However, lots of lesser systems are questionable, from the electric fences around prisons to scientific equipment in public health labs.
Three legislative committees held their latest hearing Wednesday on state government's readiness for the computer problems expected in 2000. . . .
John Thomas Flynn of the Department of Information Technology, which oversees the state's Year 2000 efforts, said 650 of the state's 3,000 computer systems are identified as ``mission critical.'' That means there would be serious problems if they failed. The state has concentrated on fixing those first.
He said 30 percent of them have been fixed and 15 percent are in the final testing phase. The rest are being modified or replaced.
He said almost all of them will meet Gov. Pete Wilson's fix-it goal of Dec. 31, 1998, one year before the critical date.
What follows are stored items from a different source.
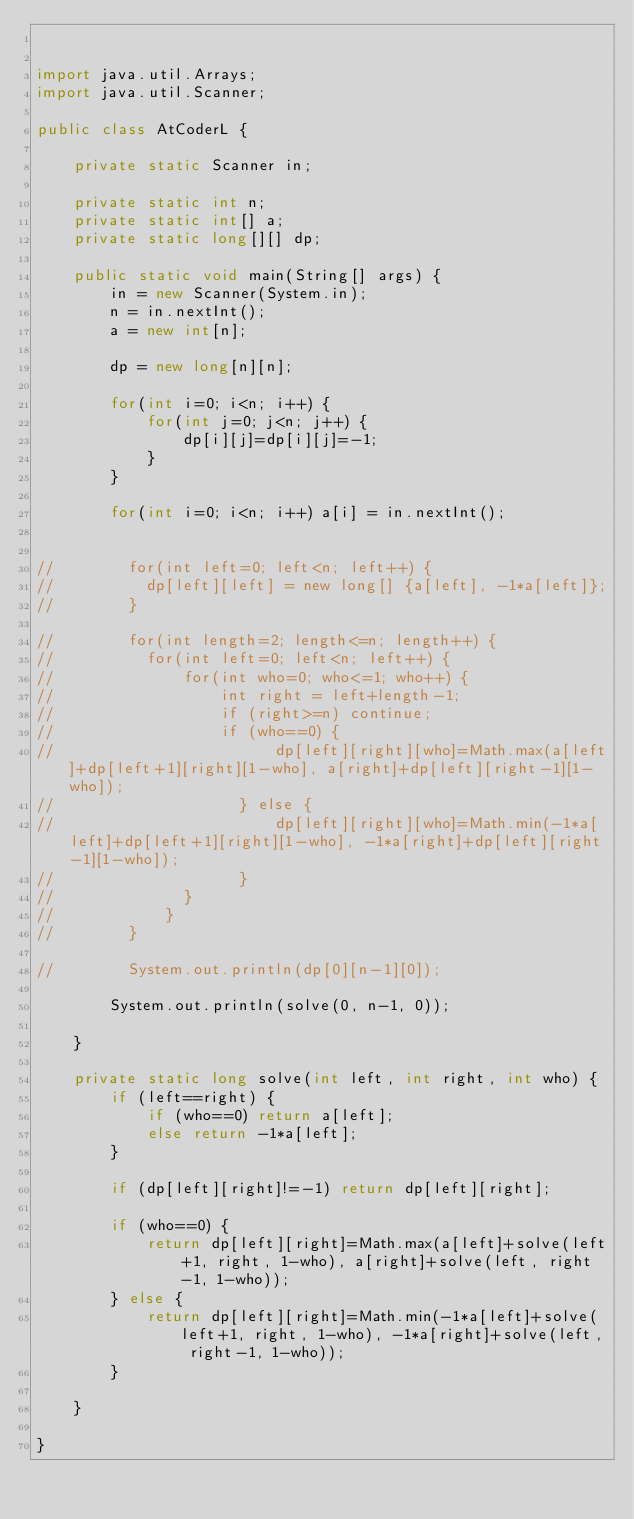<code> <loc_0><loc_0><loc_500><loc_500><_Java_>

import java.util.Arrays;
import java.util.Scanner;

public class AtCoderL {

	private static Scanner in;

    private static int n;
    private static int[] a;
    private static long[][] dp;

    public static void main(String[] args) {
        in = new Scanner(System.in);
        n = in.nextInt();
        a = new int[n];
        
        dp = new long[n][n];
        
        for(int i=0; i<n; i++) {
        	for(int j=0; j<n; j++) {
        		dp[i][j]=dp[i][j]=-1;
        	}
        }

        for(int i=0; i<n; i++) a[i] = in.nextInt();

        
//        for(int left=0; left<n; left++) {
//    		dp[left][left] = new long[] {a[left], -1*a[left]};
//        }
        
//        for(int length=2; length<=n; length++) {
//        	for(int left=0; left<n; left++) {
//            	for(int who=0; who<=1; who++) {
//                	int right = left+length-1;
//                	if (right>=n) continue;
//                	if (who==0) {
//                        dp[left][right][who]=Math.max(a[left]+dp[left+1][right][1-who], a[right]+dp[left][right-1][1-who]);
//                    } else {
//                        dp[left][right][who]=Math.min(-1*a[left]+dp[left+1][right][1-who], -1*a[right]+dp[left][right-1][1-who]);
//                    }
//            	}
//            }
//        }
        
//        System.out.println(dp[0][n-1][0]);
        
        System.out.println(solve(0, n-1, 0));

    }
    
    private static long solve(int left, int right, int who) {
        if (left==right) {
            if (who==0) return a[left];
            else return -1*a[left];
        } 
        
        if (dp[left][right]!=-1) return dp[left][right];

        if (who==0) {
            return dp[left][right]=Math.max(a[left]+solve(left+1, right, 1-who), a[right]+solve(left, right-1, 1-who));
        } else {
            return dp[left][right]=Math.min(-1*a[left]+solve(left+1, right, 1-who), -1*a[right]+solve(left, right-1, 1-who));
        }

    }

}
</code> 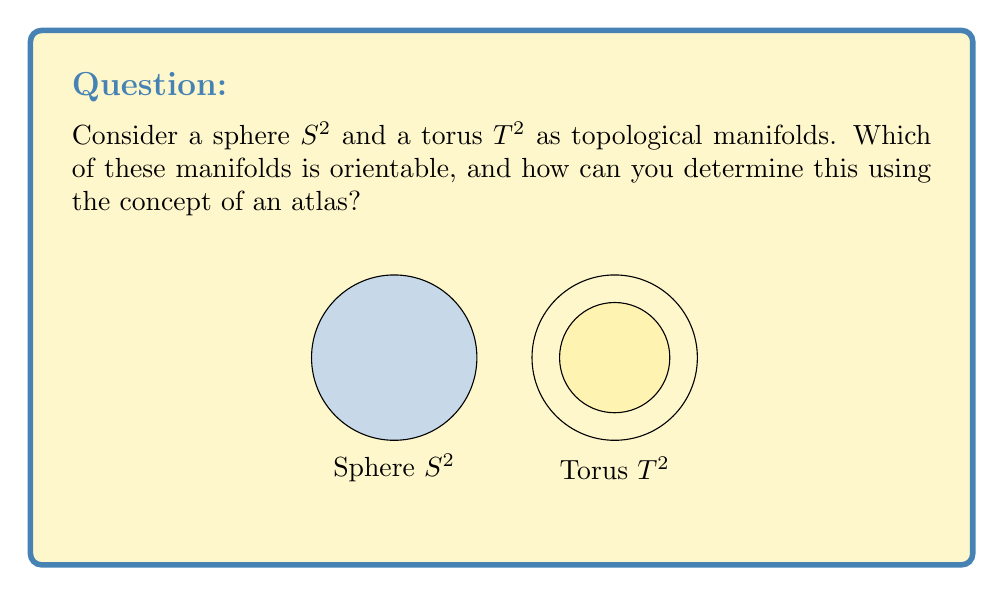Could you help me with this problem? Let's approach this step-by-step:

1) First, recall that a topological manifold is orientable if it has a consistent choice of orientation that agrees on the overlap of any two coordinate charts.

2) For the sphere $S^2$:
   a) We can cover $S^2$ with two charts: the sphere minus the north pole and the sphere minus the south pole.
   b) Each chart can be mapped to an open disk in $\mathbb{R}^2$ using stereographic projection.
   c) The transition map between these charts is smooth and orientation-preserving.
   d) Therefore, $S^2$ is orientable.

3) For the torus $T^2$:
   a) We can cover $T^2$ with a single chart by "cutting" the torus along one meridian and one parallel.
   b) This results in a rectangle, which can be mapped to an open subset of $\mathbb{R}^2$.
   c) The transition maps (identifying opposite edges of the rectangle) are smooth and orientation-preserving.
   d) Therefore, $T^2$ is also orientable.

4) To determine orientability using an atlas:
   a) Construct an atlas for the manifold.
   b) For each pair of overlapping charts, compute the Jacobian of the transition map.
   c) If the determinant of all Jacobians is positive, the manifold is orientable.
   d) If any determinant is negative, the manifold is non-orientable.

5) For both $S^2$ and $T^2$, all transition maps have Jacobians with positive determinants, confirming their orientability.
Answer: Both $S^2$ and $T^2$ are orientable. 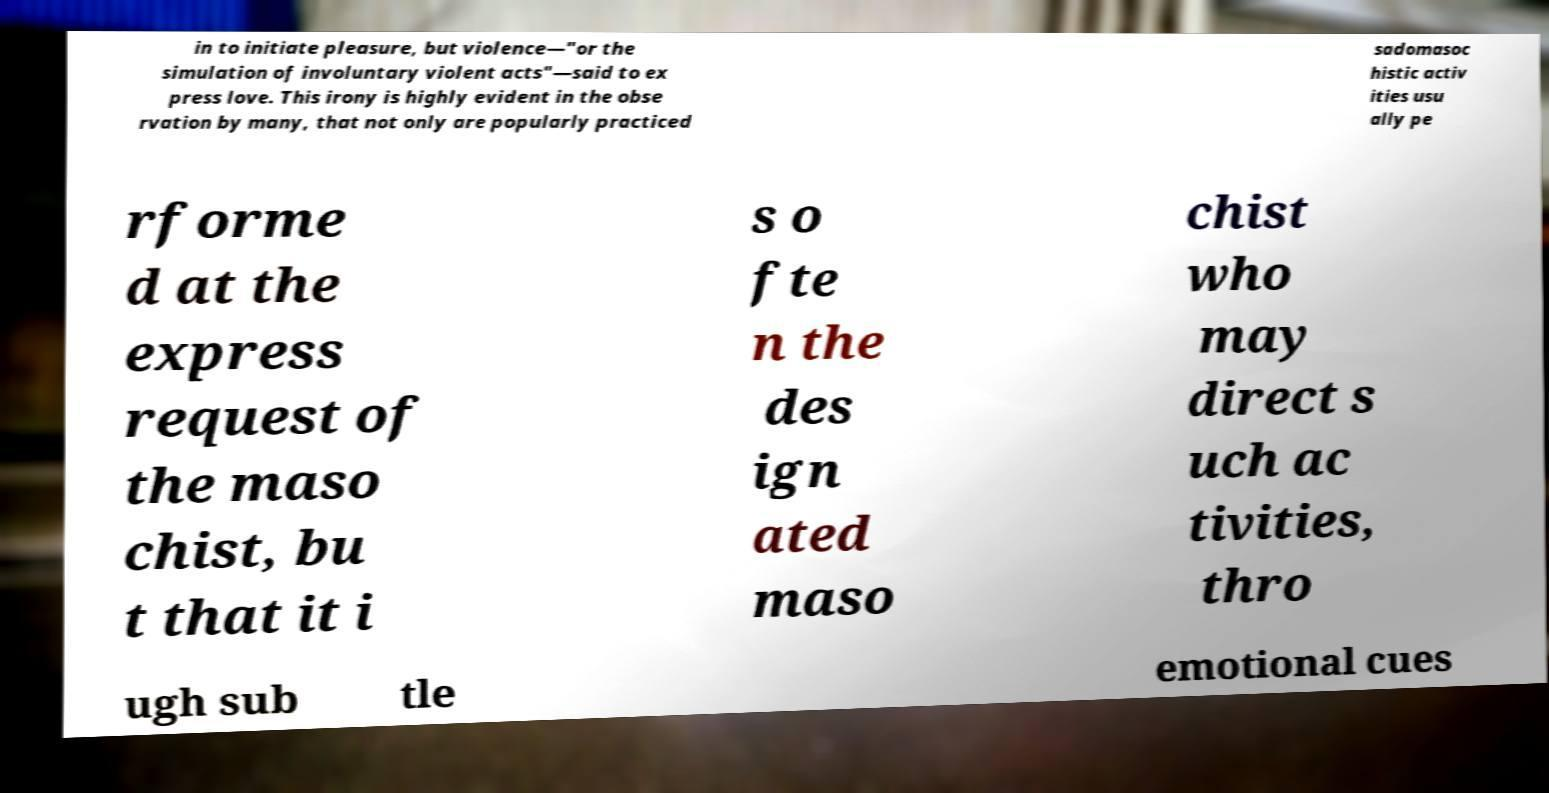I need the written content from this picture converted into text. Can you do that? in to initiate pleasure, but violence—"or the simulation of involuntary violent acts"—said to ex press love. This irony is highly evident in the obse rvation by many, that not only are popularly practiced sadomasoc histic activ ities usu ally pe rforme d at the express request of the maso chist, bu t that it i s o fte n the des ign ated maso chist who may direct s uch ac tivities, thro ugh sub tle emotional cues 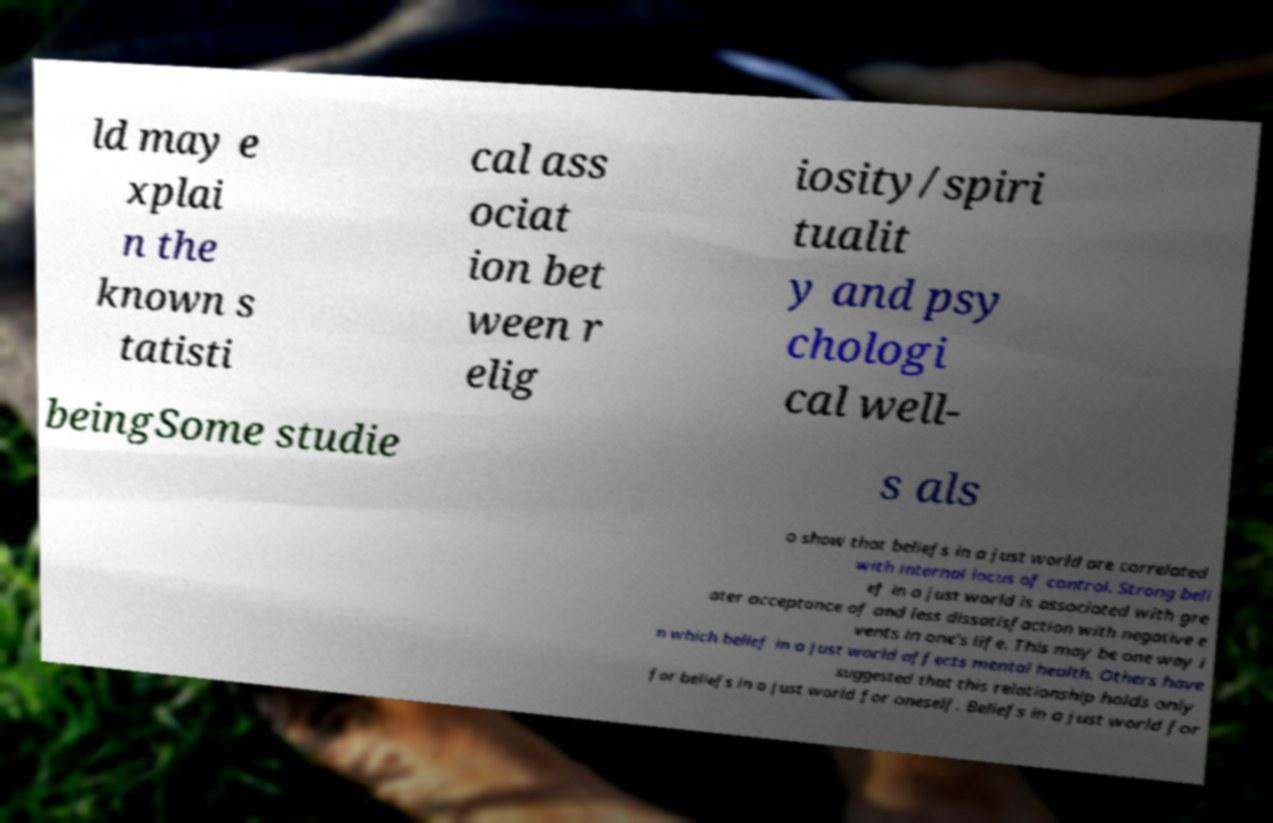I need the written content from this picture converted into text. Can you do that? ld may e xplai n the known s tatisti cal ass ociat ion bet ween r elig iosity/spiri tualit y and psy chologi cal well- beingSome studie s als o show that beliefs in a just world are correlated with internal locus of control. Strong beli ef in a just world is associated with gre ater acceptance of and less dissatisfaction with negative e vents in one's life. This may be one way i n which belief in a just world affects mental health. Others have suggested that this relationship holds only for beliefs in a just world for oneself. Beliefs in a just world for

Others will be finished during 1999, he said.
``We feel, all things considered, that we're making extraordinary progress and we hope to continue to do so,'' Flynn said.
However, other computer systems considered less important could have problems, such as those with ``embedded chips,'' which are internal devices that run equipment with clocks. Those include elevators, security systems and medical equipment.
Flynn's department hopes to have information by July on all state departments' plans for fixing embedded chips.
For example, Jack Corrie of the Department of Corrections said the major prison systems that track inmates, decide when they should be released and schedule guard assignments should be fixed by the end of this year.
``I'm optimistic, but guarded,'' he said.
He and his staff have just started working on the embedded chip problem. They have picked one prison as a test and are going through its systems.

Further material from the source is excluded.